[Excerpts from a dataset]
###

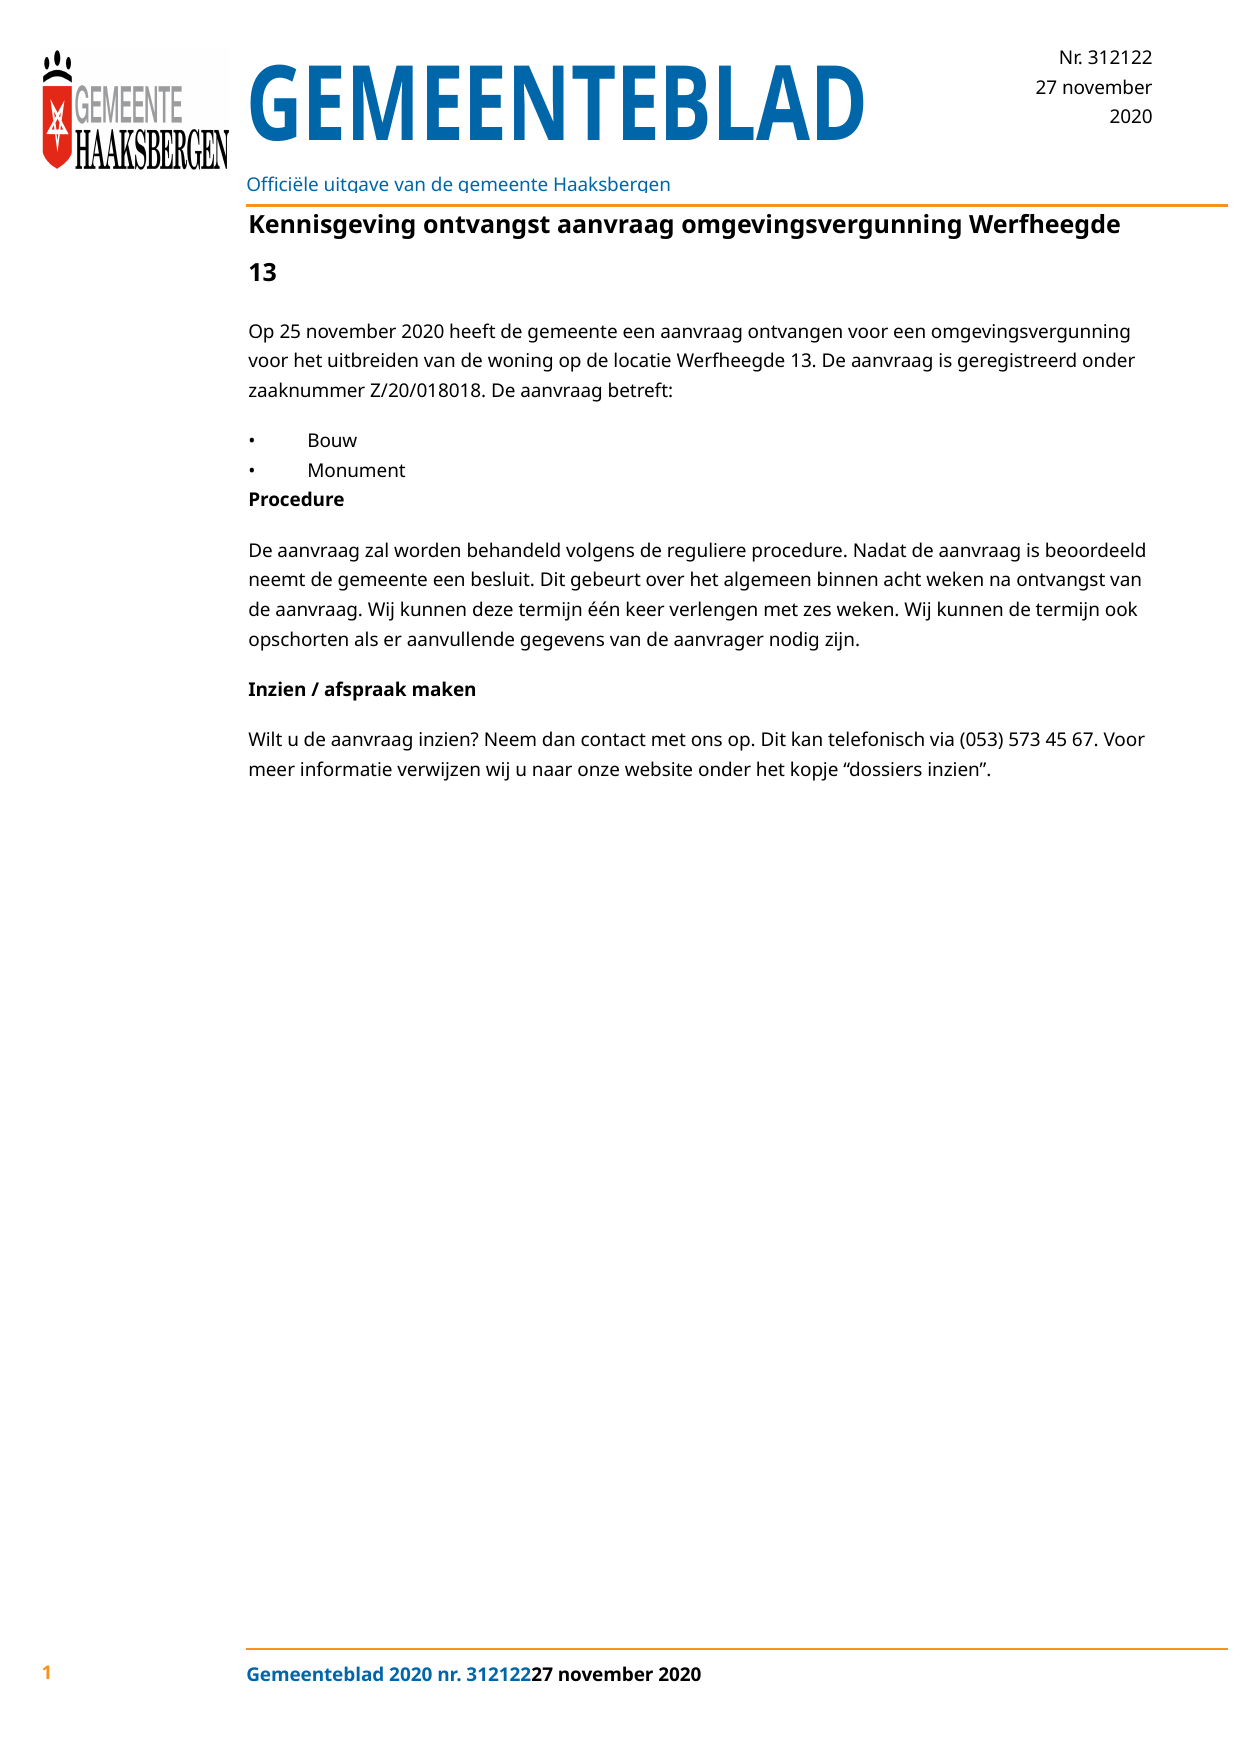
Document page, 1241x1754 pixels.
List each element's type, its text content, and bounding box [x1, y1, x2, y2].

text Kennisgeving ontvangst aanvraag omgevingsvergunning Werfheegde 13 [248, 207, 1152, 288]
list Monument [248, 457, 1152, 483]
text Op 25 november 2020 heeft de gemeente een aanvraag ontvangen voor een omgevingsvergunning voor het uitbreiden van de woning op de locatie Werfheegde 13. De aanvraag is geregistreerd onder zaaknummer Z/20/018018. De aanvraag betreft: [248, 318, 1152, 403]
text Wilt u de aanvraag inzien? Neem dan contact met ons op. Dit kan telefonisch via (053) 573 45 67. Voor meer informatie verwijzen wij u naar onze website onder het kopje “dossiers inzien”. [248, 727, 1152, 782]
list Bouw [248, 427, 1152, 453]
text Inzien / afspraak maken [248, 676, 1152, 702]
text De aanvraag zal worden behandeld volgens de reguliere procedure. Nadat de aanvraag is beoordeeld neemt de gemeente een besluit. Dit gebeurt over het algemeen binnen acht weken na ontvangst van de aanvraag. Wij kunnen deze termijn één keer verlengen met zes weken. Wij kunnen de termijn ook opschorten als er aanvullende gegevens van de aanvrager nodig zijn. [248, 537, 1152, 652]
picture [41, 47, 231, 172]
text Procedure [248, 487, 1152, 512]
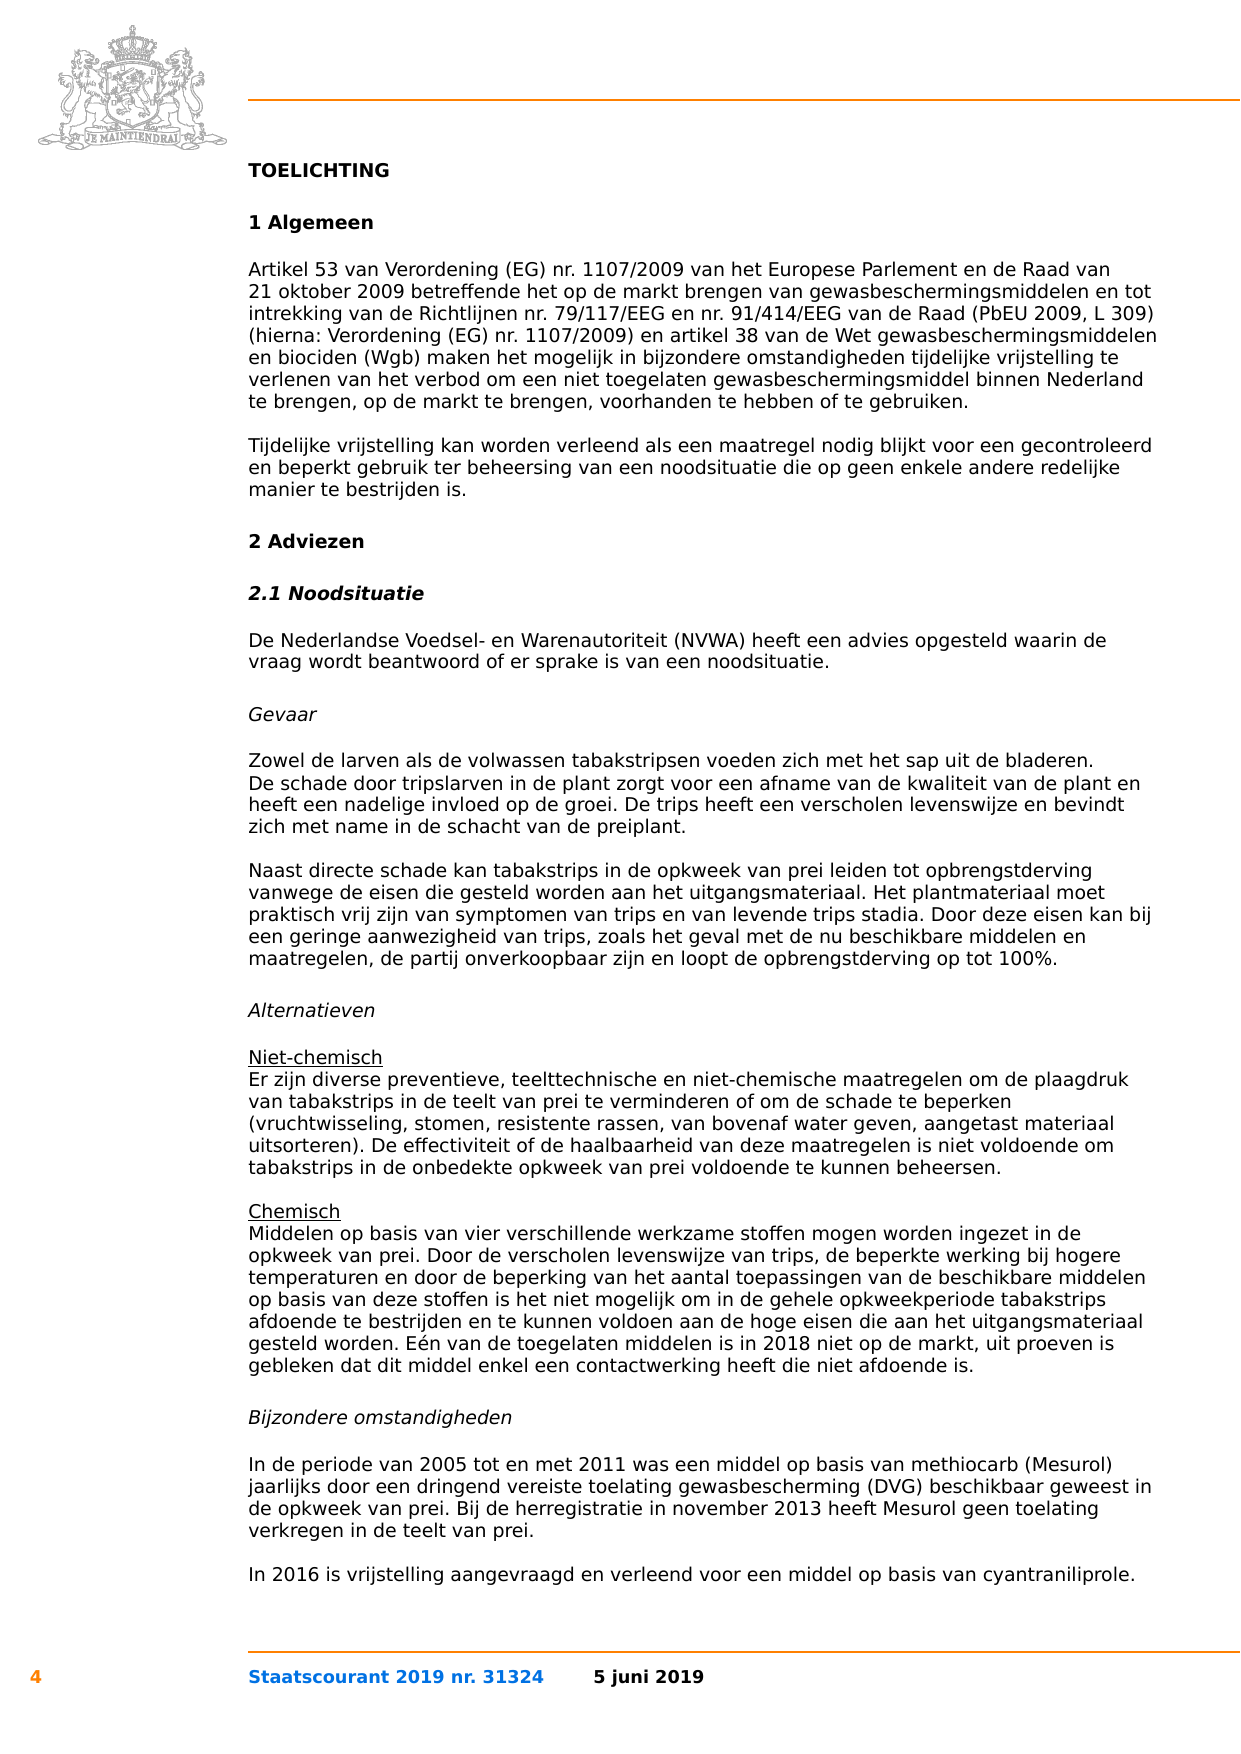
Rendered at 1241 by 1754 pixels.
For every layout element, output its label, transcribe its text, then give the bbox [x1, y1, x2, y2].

text De schade door tripslarven in de plant zorgt voor een afname van de kwaliteit van de plant en heeft een nadelige invloed op de groei. De trips heeft een verscholen levenswijze en bevindt zich met name in de schacht van de preiplant. [248, 772, 1163, 838]
text Naast directe schade kan tabakstrips in de opkweek van prei leiden tot opbrengstderving vanwege de eisen die gesteld worden aan het uitgangsmateriaal. Het plantmateriaal moet praktisch vrij zijn van symptomen van trips en van levende trips stadia. Door deze eisen kan bij een geringe aanwezigheid van trips, zoals het geval met de nu beschikbare middelen en maatregelen, de partij onverkoopbaar zijn en loopt de opbrengstderving op tot 100%. [248, 860, 1163, 970]
text Middelen op basis van vier verschillende werkzame stoffen mogen worden ingezet in de opkweek van prei. Door de verscholen levenswijze van trips, de beperkte werking bij hogere temperaturen en door de beperking van het aantal toepassingen van de beschikbare middelen op basis van deze stoffen is het niet mogelijk om in de gehele opkweekperiode tabakstrips afdoende te bestrijden en te kunnen voldoen aan de hoge eisen die aan het uitgangsmateriaal gesteld worden. Eén van de toegelaten middelen is in 2018 niet op de markt, uit proeven is gebleken dat dit middel enkel een contactwerking heeft die niet afdoende is. [248, 1223, 1163, 1377]
text Tijdelijke vrijstelling kan worden verleend als een maatregel nodig blijkt voor een gecontroleerd en beperkt gebruik ter beheersing van een noodsituatie die op geen enkele andere redelijke manier te bestrijden is. [248, 434, 1163, 501]
subtitle 2.1 Noodsituatie [248, 582, 1163, 604]
text De Nederlandse Voedsel- en Warenautoriteit (NVWA) heeft een advies opgesteld waarin de vraag wordt beantwoord of er sprake is van een noodsituatie. [248, 629, 1163, 673]
subtitle Gevaar [248, 703, 1163, 725]
text Artikel 53 van Verordening (EG) nr. 1107/2009 van het Europese Parlement en de Raad van 21 oktober 2009 betreffende het op de markt brengen van gewasbeschermingsmiddelen en tot intrekking van de Richtlijnen nr. 79/117/EEG en nr. 91/414/EEG van de Raad (PbEU 2009, L 309) (hierna: Verordening (EG) nr. 1107/2009) en artikel 38 van de Wet gewasbeschermingsmiddelen en biociden (Wgb) maken het mogelijk in bijzondere omstandigheden tijdelijke vrijstelling te verlenen van het verbod om een niet toegelaten gewasbeschermingsmiddel binnen Nederland te brengen, op de markt te brengen, voorhanden te hebben of te gebruiken. [248, 259, 1163, 413]
subtitle TOELICHTING [248, 160, 1163, 182]
subtitle 1 Algemeen [248, 212, 1163, 234]
text In de periode van 2005 tot en met 2011 was een middel op basis van methiocarb (Mesurol) jaarlijks door een dringend vereiste toelating gewasbescherming (DVG) beschikbaar geweest in de opkweek van prei. Bij de herregistratie in november 2013 heeft Mesurol geen toelating verkregen in de teelt van prei. [248, 1454, 1163, 1542]
subtitle 2 Adviezen [248, 531, 1163, 552]
subtitle Bijzondere omstandigheden [248, 1407, 1163, 1429]
text Chemisch [248, 1201, 1163, 1223]
text Zowel de larven als de volwassen tabakstripsen voeden zich met het sap uit de bladeren. [248, 750, 1163, 772]
text Er zijn diverse preventieve, teelttechnische en niet-chemische maatregelen om de plaagdruk van tabakstrips in de teelt van prei te verminderen of om de schade te beperken (vruchtwisseling, stomen, resistente rassen, van bovenaf water geven, aangetast materiaal uitsorteren). De effectiviteit of de haalbaarheid van deze maatregelen is niet voldoende om tabakstrips in de onbedekte opkweek van prei voldoende te kunnen beheersen. [248, 1069, 1163, 1179]
text Niet-chemisch [248, 1047, 1163, 1069]
picture [38, 25, 227, 150]
text In 2016 is vrijstelling aangevraagd en verleend voor een middel op basis van cyantraniliprole. [248, 1563, 1163, 1585]
subtitle Alternatieven [248, 1000, 1163, 1022]

###

- YOUR ASSIGNMENT: Go through the entries and copy every line that has "schade".

- RESPONSE TO THE EXERCISE:
text De schade door tripslarven in de plant zorgt voor een afname van de kwaliteit van de plant en heeft een nadelige invloed op de groei. De trips heeft een verscholen levenswijze en bevindt zich met name in de schacht van de preiplant. [248, 772, 1163, 838]
text Naast directe schade kan tabakstrips in de opkweek van prei leiden tot opbrengstderving vanwege de eisen die gesteld worden aan het uitgangsmateriaal. Het plantmateriaal moet praktisch vrij zijn van symptomen van trips en van levende trips stadia. Door deze eisen kan bij een geringe aanwezigheid van trips, zoals het geval met de nu beschikbare middelen en maatregelen, de partij onverkoopbaar zijn en loopt de opbrengstderving op tot 100%. [248, 860, 1163, 970]
text Er zijn diverse preventieve, teelttechnische en niet-chemische maatregelen om de plaagdruk van tabakstrips in de teelt van prei te verminderen of om de schade te beperken (vruchtwisseling, stomen, resistente rassen, van bovenaf water geven, aangetast materiaal uitsorteren). De effectiviteit of de haalbaarheid van deze maatregelen is niet voldoende om tabakstrips in de onbedekte opkweek van prei voldoende te kunnen beheersen. [248, 1069, 1163, 1179]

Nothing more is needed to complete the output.